Смердов пожал плечами, мол, это касается вас, я не имею к этому ни малейшего отношения.

— Вот ознакомьтесь. — Греков сунул руку за борт пиджака и извлек конверт, на котором аккуратным круглым почерком было выведено: «Первому секретарю горкома товарищу Коростылеву С. С. В личные руки». Обратного адреса не было.

Смердов принялся ощупывать карманы в поисках очков.

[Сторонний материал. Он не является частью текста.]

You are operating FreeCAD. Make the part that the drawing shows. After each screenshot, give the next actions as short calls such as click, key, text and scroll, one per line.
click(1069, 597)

— Ладно. Я сам вам прочту, — сказал Греков, вытаскивая из конверта листок. — «Заботясь об интересах нашего родного социалистического государства, обязан сообщить о безобразных делах, творимых главным инженером нашего завода Грековым. У вышеназванного Грекова сильно пошатнулся авторитет в коллективе. И, всячески стараясь удержать авторитет, Греков творит эти безобразия. Завод не выполняет плана, занимается приписками, доводкой сданных приборов. А в прошлом месяце вообще сплошное безобразие. Греков пустился на авантюру. Он приказал собрать датчики из бракованных. Люди работали как патриоты своей страны и собрали датчики. Но Греков прибор „Радуга“ забраковал. Специально, чтобы поднять свой пошатнувшийся авторитет. А при чем тут наши советские рабочие? Разве они виноваты, что Греков приказал собирать датчики из хлама? Нет, не виноваты, товарищ секретарь. Тогда почему им не хотят оплачивать их труд согласно договоренности? Работа была сверхурочная, люди не покидали цех несколько суток. Кроме всего прочего, Греков, стараясь поднять свой авторитет, окружил себя подхалимами и приспособленцами. Это главный конструктор Лепин и другие. А также ведет себя аморально и развратничает. У него внебрачная любовь с экономистом Глизаровой Аней. А у Грекова семья, и он член партии. К тому же он эту Глизарову назначил на должность уволенного им честного человека Всесвятского, который не стал мириться со всеми безобразиями. Вообще, честных людей травят. Так, начальник сбыта Гмыря, бывший фронтовик, лежит с инфарктом…»

— Хватит! — Смердов хлопнул ладонью по листу.

— Здесь и о вас есть. — Греков сдвинул ладонь директора и расправил лист. — Где ж это? Ах, вот… «Директор завода Смердов, опытный производственник, попал под влияние Грекова и надел на глаза розовые очки…» И в конце: «Сердце переполнено радостью за успехи наших других предприятий, и оно же обливается кровью за безобразия у нас на заводе…»

— И никакой подписи? — проговорил Смердов.

Греков сложил письмо, спрятал в карман и оглянулся.

Молодой человек в морском бушлате что-то рассказывал, энергично жестикулируя. Кирилл подпер виски сжатыми кулаками, не сводя взгляда с морячка. А старик посмеивался, утирая губы салфеткой…

— Я вот думаю, с какой стати Коростылев передал мне это письмо?

— Хотел показать, что не сердится на ваше хамство. Да и что ему делать с этим письмом? Ведь это навет, безобразие какое-то, — проговорил Смердов.